_WORK ITEM:_ Read through the lines below and copy the ones holding the string "order".
----- DATASET RECORDS -----
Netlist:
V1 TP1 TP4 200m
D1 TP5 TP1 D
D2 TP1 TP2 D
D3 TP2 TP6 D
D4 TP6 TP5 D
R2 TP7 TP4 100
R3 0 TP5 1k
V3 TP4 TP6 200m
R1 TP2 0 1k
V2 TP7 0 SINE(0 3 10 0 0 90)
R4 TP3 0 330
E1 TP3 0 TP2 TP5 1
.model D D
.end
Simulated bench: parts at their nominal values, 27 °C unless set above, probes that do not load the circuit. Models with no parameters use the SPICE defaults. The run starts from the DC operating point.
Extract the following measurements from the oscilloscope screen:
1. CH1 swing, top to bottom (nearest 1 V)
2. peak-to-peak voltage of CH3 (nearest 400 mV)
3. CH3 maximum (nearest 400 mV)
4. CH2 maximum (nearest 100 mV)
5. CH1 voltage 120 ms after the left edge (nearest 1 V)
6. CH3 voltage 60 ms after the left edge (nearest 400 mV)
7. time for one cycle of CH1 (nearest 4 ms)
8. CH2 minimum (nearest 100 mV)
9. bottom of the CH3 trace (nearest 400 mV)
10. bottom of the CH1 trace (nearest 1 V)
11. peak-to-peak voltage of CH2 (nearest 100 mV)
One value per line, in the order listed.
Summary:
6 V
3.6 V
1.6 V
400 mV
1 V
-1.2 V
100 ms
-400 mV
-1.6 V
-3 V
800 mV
-----
----- DATASET RECORDS -----
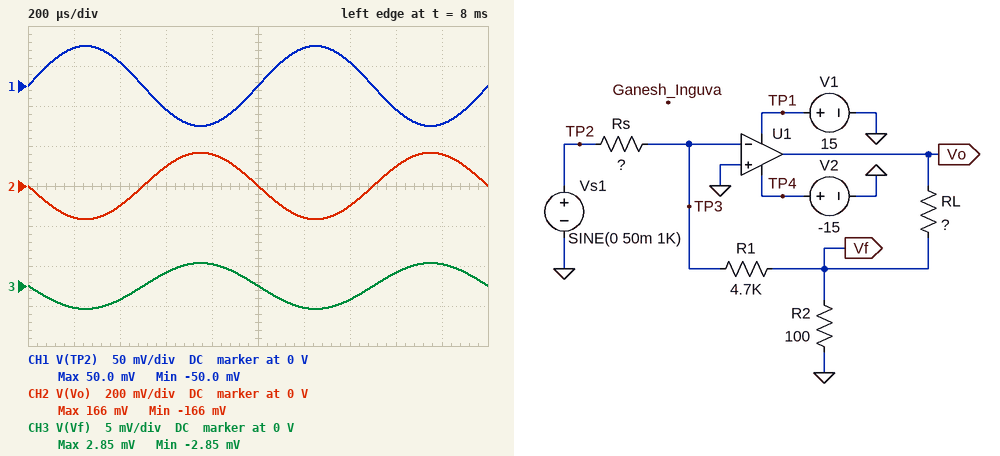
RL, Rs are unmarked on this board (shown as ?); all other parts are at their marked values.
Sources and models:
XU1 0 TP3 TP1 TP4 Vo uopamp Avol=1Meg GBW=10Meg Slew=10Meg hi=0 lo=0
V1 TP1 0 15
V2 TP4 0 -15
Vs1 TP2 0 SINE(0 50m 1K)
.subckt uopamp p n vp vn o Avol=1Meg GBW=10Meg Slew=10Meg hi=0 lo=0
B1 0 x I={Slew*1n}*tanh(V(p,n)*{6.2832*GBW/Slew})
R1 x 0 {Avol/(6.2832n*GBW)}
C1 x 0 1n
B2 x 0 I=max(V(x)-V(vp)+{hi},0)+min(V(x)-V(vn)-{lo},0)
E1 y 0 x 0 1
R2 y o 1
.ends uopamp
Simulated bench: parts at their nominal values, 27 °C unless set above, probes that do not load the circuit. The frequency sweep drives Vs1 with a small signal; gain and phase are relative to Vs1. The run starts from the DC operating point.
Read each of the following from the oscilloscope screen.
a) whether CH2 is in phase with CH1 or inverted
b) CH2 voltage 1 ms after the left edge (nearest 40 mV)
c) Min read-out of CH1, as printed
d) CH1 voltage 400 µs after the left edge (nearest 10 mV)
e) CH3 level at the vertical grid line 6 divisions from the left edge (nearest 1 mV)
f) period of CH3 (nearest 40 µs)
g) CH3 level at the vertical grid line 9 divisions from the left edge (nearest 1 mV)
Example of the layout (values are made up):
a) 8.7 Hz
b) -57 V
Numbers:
-----
----- DATASET RECORDS -----
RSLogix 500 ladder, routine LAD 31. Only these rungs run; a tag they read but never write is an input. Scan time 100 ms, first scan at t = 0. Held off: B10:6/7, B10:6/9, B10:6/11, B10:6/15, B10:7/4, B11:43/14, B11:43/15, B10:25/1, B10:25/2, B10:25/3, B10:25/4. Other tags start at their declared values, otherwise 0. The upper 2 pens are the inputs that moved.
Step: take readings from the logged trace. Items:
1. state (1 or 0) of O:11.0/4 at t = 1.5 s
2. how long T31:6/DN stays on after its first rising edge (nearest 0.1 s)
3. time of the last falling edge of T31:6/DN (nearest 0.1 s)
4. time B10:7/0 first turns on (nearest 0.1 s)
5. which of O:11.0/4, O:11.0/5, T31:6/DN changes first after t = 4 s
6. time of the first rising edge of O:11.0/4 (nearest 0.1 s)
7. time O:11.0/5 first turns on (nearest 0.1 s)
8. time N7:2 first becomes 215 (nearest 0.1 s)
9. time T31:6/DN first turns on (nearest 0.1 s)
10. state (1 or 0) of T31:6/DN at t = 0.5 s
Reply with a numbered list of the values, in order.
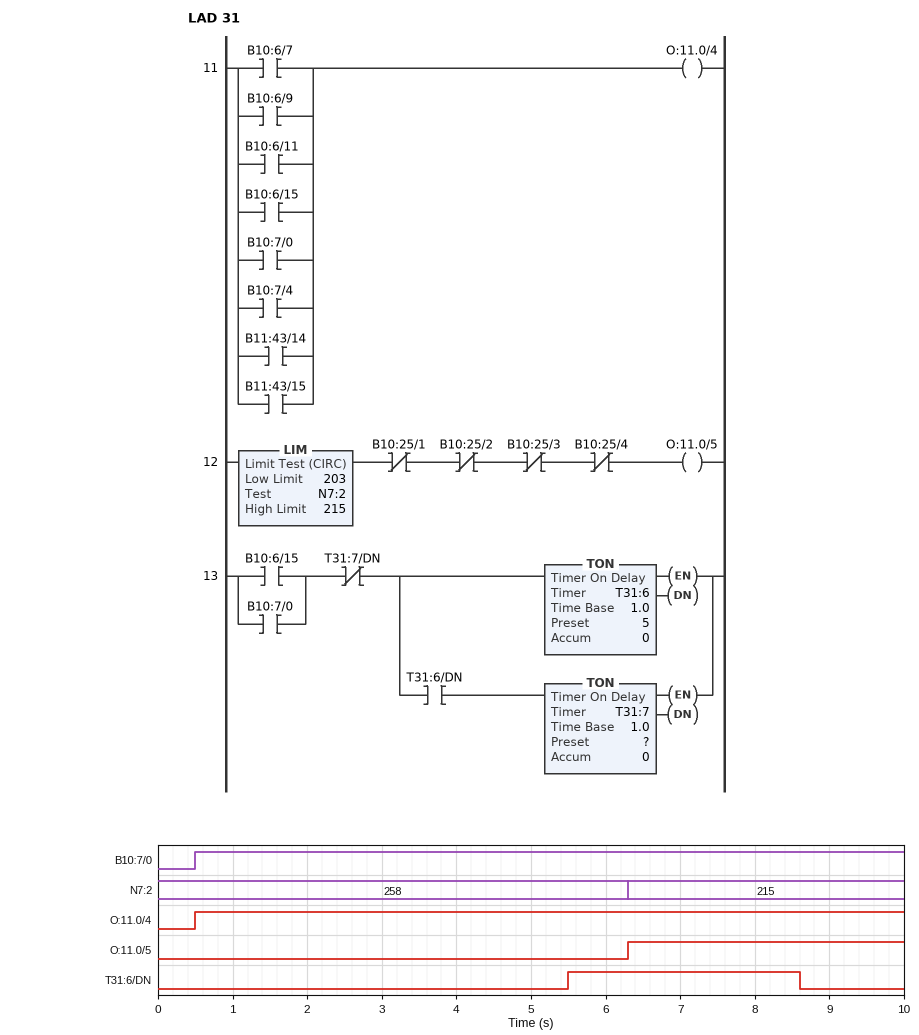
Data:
-----
_RESPONSE BELOW:_
One value per line, in the order listed.
Reply with a numbered list of the values, in order.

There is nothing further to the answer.